Hardware Register Names
The 65816 processor registers are exposed as special global identifiers. Register names must be uppercase; lowercase versions are valid user-defined variable names.
| Register | Type | Description |
|---|---|---|
A | u8 or u16 | Accumulator (size depends on function mode) |
B | u8 | Accumulator high byte (m8 mode only) |
X | u16 | X index register (always 16-bit) |
Y | u16 | Y index register (always 16-bit) |
STATUS | u8 | Processor status flags (N V M X D I Z C) |
D | u16 | Direct Page register |
DBR | u8 | Data Bank Register |
PBR | u8 | Program Bank Register (read-only) |
S | u16 | Stack Pointer |
Case Rules
A = 10; // OK: hardware register A
let a: u8 = 5; // OK: variable 'a' (lowercase)

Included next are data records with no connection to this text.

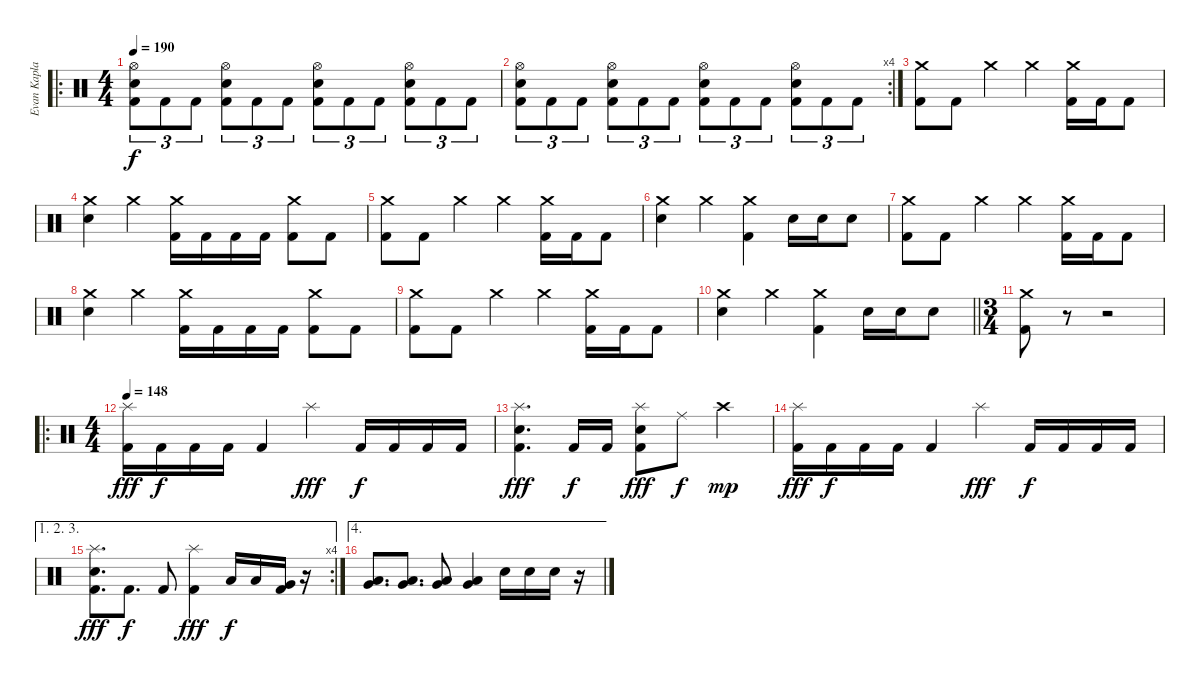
\track ("Evan Kaplan (Drums)" "Evan Kapla") {instrument percussion}
\staff {score}
\articulation defaults
\ro
\ts (4 4)
\tempo 190
\clef neutral
\ks c
("Hi-Hat (open)" "Electric Snare (hit)" "Kick (hit) 2").8{tu (3 2) dy f} "Kick (hit) 2".8{tu (3 2)} "Kick (hit) 2".8{tu (3 2)} ("Hi-Hat (open)" "Electric Snare (hit)" "Kick (hit) 2").8{tu (3 2)} "Kick (hit) 2".8{tu (3 2)} "Kick (hit) 2".8{tu (3 2)} ("Hi-Hat (open)" "Electric Snare (hit)" "Kick (hit) 2").8{tu (3 2)} "Kick (hit) 2".8{tu (3 2)} "Kick (hit) 2".8{tu (3 2)} ("Hi-Hat (open)" "Electric Snare (hit)" "Kick (hit) 2").8{tu (3 2)} "Kick (hit) 2".8{tu (3 2)} "Kick (hit) 2".8{tu (3 2)} |
\rc 4
("Hi-Hat (open)" "Electric Snare (hit)" "Kick (hit) 2").8{tu (3 2)} "Kick (hit) 2".8{tu (3 2)} "Kick (hit) 2".8{tu (3 2)} ("Hi-Hat (open)" "Electric Snare (hit)" "Kick (hit) 2").8{tu (3 2)} "Kick (hit) 2".8{tu (3 2)} "Kick (hit) 2".8{tu (3 2)} ("Hi-Hat (open)" "Electric Snare (hit)" "Kick (hit) 2").8{tu (3 2)} "Kick (hit) 2".8{tu (3 2)} "Kick (hit) 2".8{tu (3 2)} ("Hi-Hat (open)" "Electric Snare (hit)" "Kick (hit) 2").8{tu (3 2)} "Kick (hit) 2".8{tu (3 2)} "Kick (hit) 2".8{tu (3 2)} |
("Crash medium (hit)" "Kick (hit) 2").8 "Kick (hit) 2".8 "Crash medium (hit)".4 "Crash medium (hit)".4 ("Crash medium (hit)" "Kick (hit) 2").16 "Kick (hit) 2".16 "Kick (hit) 2".8 |
("Crash medium (hit)" "Electric Snare (hit)").4 "Crash medium (hit)".4 ("Crash medium (hit)" "Kick (hit) 2").16 "Kick (hit) 2".16 "Kick (hit) 2".16 "Kick (hit) 2".16 ("Crash medium (hit)" "Kick (hit) 2").8 "Kick (hit) 2".8 |
("Crash medium (hit)" "Kick (hit) 2").8 "Kick (hit) 2".8 "Crash medium (hit)".4 "Crash medium (hit)".4 ("Crash medium (hit)" "Kick (hit) 2").16 "Kick (hit) 2".16 "Kick (hit) 2".8 |
("Crash medium (hit)" "Electric Snare (hit)").4 "Crash medium (hit)".4 ("Crash medium (hit)" "Kick (hit) 2").4 "Electric Snare (hit)".16 "Electric Snare (hit)".16 "Electric Snare (hit)".8 |
("Crash medium (hit)" "Kick (hit) 2").8 "Kick (hit) 2".8 "Crash medium (hit)".4 "Crash medium (hit)".4 ("Crash medium (hit)" "Kick (hit) 2").16 "Kick (hit) 2".16 "Kick (hit) 2".8 |
("Crash medium (hit)" "Electric Snare (hit)").4 "Crash medium (hit)".4 ("Crash medium (hit)" "Kick (hit) 2").16 "Kick (hit) 2".16 "Kick (hit) 2".16 "Kick (hit) 2".16 ("Crash medium (hit)" "Kick (hit) 2").8 "Kick (hit) 2".8 |
("Crash medium (hit)" "Kick (hit) 2").8 "Kick (hit) 2".8 "Crash medium (hit)".4 "Crash medium (hit)".4 ("Crash medium (hit)" "Kick (hit) 2").16 "Kick (hit) 2".16 "Kick (hit) 2".8 |
\barLineRight lightlight
("Crash medium (hit)" "Electric Snare (hit)").4 "Crash medium (hit)".4 ("Crash medium (hit)" "Kick (hit) 2").4 "Electric Snare (hit)".16 "Electric Snare (hit)".16 "Electric Snare (hit)".8 |
\ts (3 4)
("Crash medium (hit)" "Kick (hit) 2").8 r.8{volume 0} r.2 |
\ro
\ts (4 4)
\tempo 148
("Splash (hit)" "Kick (hit) 2").16{dy fff volume 13} "Kick (hit) 2".16{dy f} "Kick (hit) 2".16 "Kick (hit) 2".16 "Kick (hit) 2".4 "Splash (hit)".4{dy fff} "Kick (hit) 2".16{dy f} "Kick (hit) 2".16 "Kick (hit) 2".16 "Kick (hit) 2".16 |
("Splash (hit)" "Electric Snare (hit)" "Kick (hit) 2").4{d dy fff} "Kick (hit) 2".16{dy f} "Kick (hit) 2".16 ("Splash (hit)" "Electric Snare (hit)" "Kick (hit) 2").8{dy fff} "Ride (middle)".8{dy f} "Crash high (hit)".4{dy mp} |
("Splash (hit)" "Kick (hit) 2").16{dy fff} "Kick (hit) 2".16{dy f} "Kick (hit) 2".16 "Kick (hit) 2".16 "Kick (hit) 2".4 "Splash (hit)".4{dy fff} "Kick (hit) 2".16{dy f} "Kick (hit) 2".16 "Kick (hit) 2".16 "Kick (hit) 2".16 |
\ae (1 2 3)
\rc 4
("Splash (hit)" "Electric Snare (hit)" "Kick (hit) 2").8{d dy fff} "Kick (hit) 2".8{d dy f} "Kick (hit) 2".8 ("Splash (hit)" "Kick (hit) 2").4{dy fff} "Low Tom (hit)".16{dy f} "Low Tom (hit)".16 ("Very Low Tom (hit)" "Kick (hit) 2").16 r.16 |
\ae 4
("Low Tom (hit)" "Very Low Tom (hit)").8{d} ("Low Tom (hit)" "Very Low Tom (hit)").8{d} ("Low Tom (hit)" "Very Low Tom (hit)").8 ("Low Tom (hit)" "Very Low Tom (hit)").4 "Electric Snare (hit)".16 "Electric Snare (hit)".16 "Electric Snare (hit)".16 r.16

X = 100; // OK: hardware register X
let x: u8 = 10; // OK: variable 'x' (lowercase)
STATUS.Carry = true; // OK: STATUS register property
let status: u8 = 0; // OK: variable 'status' (lowercase)
Multi-character register names in the wrong case (dbr, pbr, status) produce a helpful error suggesting the uppercase form.
Identifiers
Identifiers begin with a letter or underscore, followed by letters, digits, or underscores:
[a-zA-Z_][a-zA-Z0-9_]*
Identifiers are case-sensitive. Reserved keywords and hardware register names (when uppercase) cannot be used as identifiers.
let my_var: u8 = 10; // OK
let _temp: u16 = 0; // OK: leading underscore
let player_health: u8 = 0; // OK
let BUFFER_SIZE: u16 = 256; // OK: uppercase identifiers are allowed (these are not registers)
Operators and Punctuation
R65 uses the following operator and punctuation tokens:
| Token | Meaning |
|---|---|
+ - * / % | Arithmetic |
& | ^ ~ | Bitwise |
<< >> | Shift |
== != < > <= >= | Comparison |
&& || ! | Logical |
= | Assignment |
+= -= *= /= &= |= ^= <<= >>= | Compound assignment |
++ -- | Postfix increment/decrement |
@ | Register/variable binding |
-> | Return type arrow |
.. | Range (in for loops and match) |
..= | Inclusive range (in match) |
( ) { } [ ] | Grouping/delimiters |
; : , . # ' | Punctuation |
Whitespace
Spaces, tabs, and newlines serve as token separators and are otherwise insignificant. R65 is not whitespace-sensitive; indentation is a stylistic choice.